• **TASK ITEM**
Transcribe, word for word, all of the entries below, and exclude any pictures from the copy.

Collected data
-----

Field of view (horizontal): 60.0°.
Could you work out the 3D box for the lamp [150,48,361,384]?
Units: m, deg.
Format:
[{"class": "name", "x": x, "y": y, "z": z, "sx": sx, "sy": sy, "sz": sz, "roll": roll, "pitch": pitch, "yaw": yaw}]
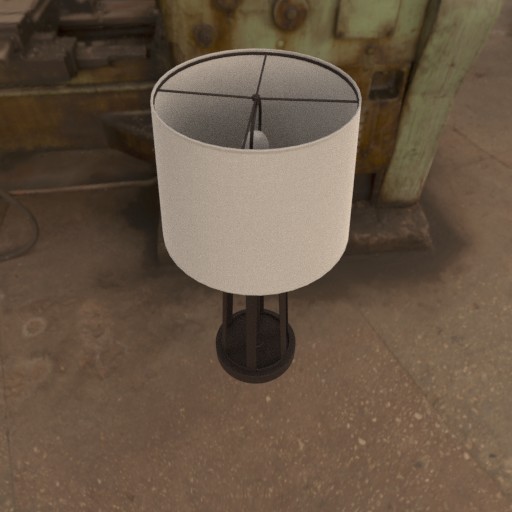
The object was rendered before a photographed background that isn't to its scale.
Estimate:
[{"class": "lamp", "x": 0.000, "y": 0.000, "z": 0.654, "sx": 0.251, "sy": 0.509, "sz": 0.251, "roll": 0, "pitch": 47, "yaw": 0}]
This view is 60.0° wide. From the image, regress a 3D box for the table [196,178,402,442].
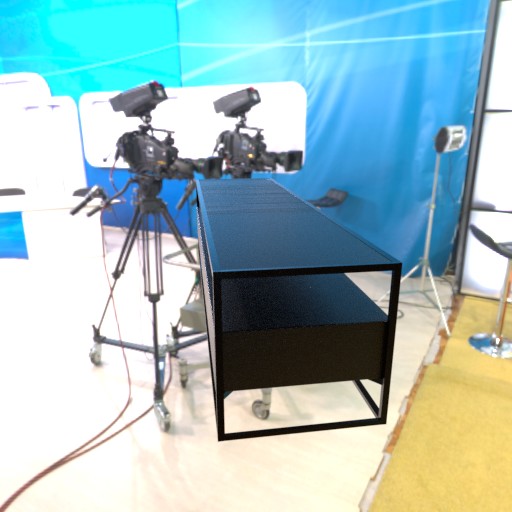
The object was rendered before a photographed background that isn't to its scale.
[{"bbox_3d":[0.000,0.000,1.652,0.399,0.395,1.486,-3,17,-8],"label":"table"}]
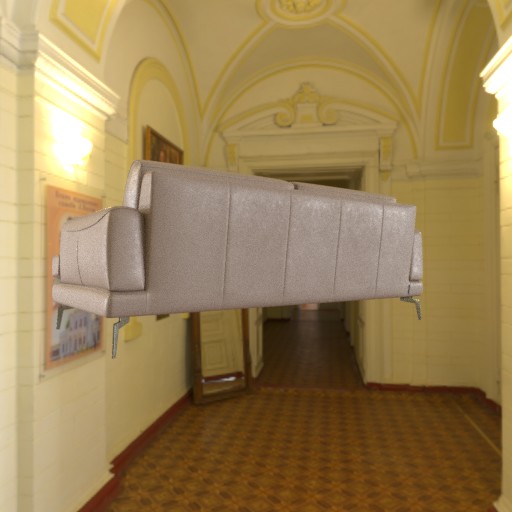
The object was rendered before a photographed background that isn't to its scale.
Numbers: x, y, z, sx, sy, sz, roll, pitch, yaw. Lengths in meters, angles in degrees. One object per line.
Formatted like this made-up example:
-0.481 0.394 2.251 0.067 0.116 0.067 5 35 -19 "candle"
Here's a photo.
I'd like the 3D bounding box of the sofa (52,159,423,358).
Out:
0.000 0.000 2.476 1.940 0.765 0.974 1 -1 -36 "sofa"
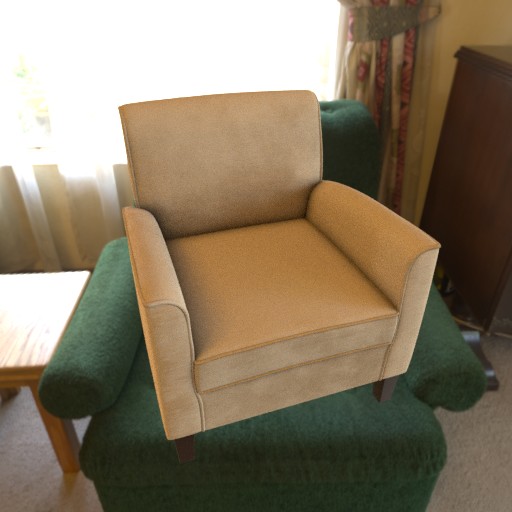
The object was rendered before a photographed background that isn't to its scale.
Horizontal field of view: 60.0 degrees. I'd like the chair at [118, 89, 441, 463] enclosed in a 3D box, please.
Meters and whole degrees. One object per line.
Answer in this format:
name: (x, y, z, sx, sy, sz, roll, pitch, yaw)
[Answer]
chair: (0.000, 0.000, 1.520, 0.820, 0.915, 0.821, -10, 34, -16)
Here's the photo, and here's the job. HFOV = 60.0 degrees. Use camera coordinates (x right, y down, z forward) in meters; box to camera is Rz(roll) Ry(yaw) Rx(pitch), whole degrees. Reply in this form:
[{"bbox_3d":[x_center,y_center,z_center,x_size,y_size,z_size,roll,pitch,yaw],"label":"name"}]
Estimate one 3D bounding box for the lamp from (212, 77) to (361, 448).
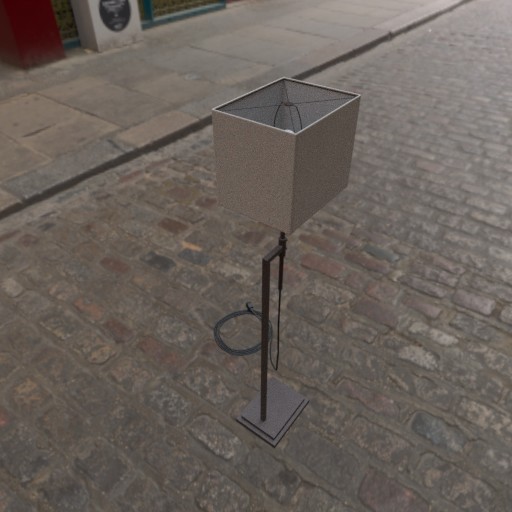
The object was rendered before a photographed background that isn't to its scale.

-----

• **RESULT**
Field of view (horizontal): 60.0°.
Could you work out the 3D box for the lamp [150,48,361,384]?
Units: m, deg.
Format:
[{"class": "name", "x": x, "y": y, "z": z, "sx": sx, "sy": sy, "sz": sz, "roll": roll, "pitch": pitch, "yaw": yaw}]
The object was rendered before a photographed background that isn't to its scale.
Estimate:
[{"class": "lamp", "x": 0.000, "y": 0.000, "z": 0.654, "sx": 0.251, "sy": 0.509, "sz": 0.251, "roll": 0, "pitch": 47, "yaw": 0}]
This view is 60.0° wide. From the image, regress a 3D box for the table [196,178,402,442].
The object was rendered before a photographed background that isn't to its scale.
[{"bbox_3d":[0.000,0.000,1.652,0.399,0.395,1.486,-3,17,-8],"label":"table"}]
The object was rendered before a photographed background that isn't to its scale.
Numbers: x, y, z, sx, sy, sz, roll, pitch, yaw. Lengths in meters, angles in degrees. One object per line.
Formatted like this made-up example:
-0.481 0.394 2.251 0.067 0.116 0.067 5 35 -19 "candle"
Here's a photo.
I'd like the 3D bounding box of the sofa (52,159,423,358).
Out:
0.000 0.000 2.476 1.940 0.765 0.974 1 -1 -36 "sofa"
The object was rendered before a photographed background that isn't to its scale.
Horizontal field of view: 60.0 degrees. I'd like the chair at [118, 89, 441, 463] enclosed in a 3D box, please.
Meters and whole degrees. One object per line.
Answer in this format:
name: (x, y, z, sx, sy, sz, roll, pitch, yaw)
[Answer]
chair: (0.000, 0.000, 1.520, 0.820, 0.915, 0.821, -10, 34, -16)
Here's the photo, and here's the job. HFOV = 60.0 degrees. Use camera coordinates (x right, y down, z forward) in meters; box to camera is Rz(roll) Ry(yaw) Rx(pitch), whole degrees. Reply in this form:
[{"bbox_3d":[x_center,y_center,z_center,x_size,y_size,z_size,roll,pitch,yaw],"label":"name"}]
Estimate one 3D bounding box for the lamp from (212, 77) to (361, 448).
The object was rendered before a photographed background that isn't to its scale.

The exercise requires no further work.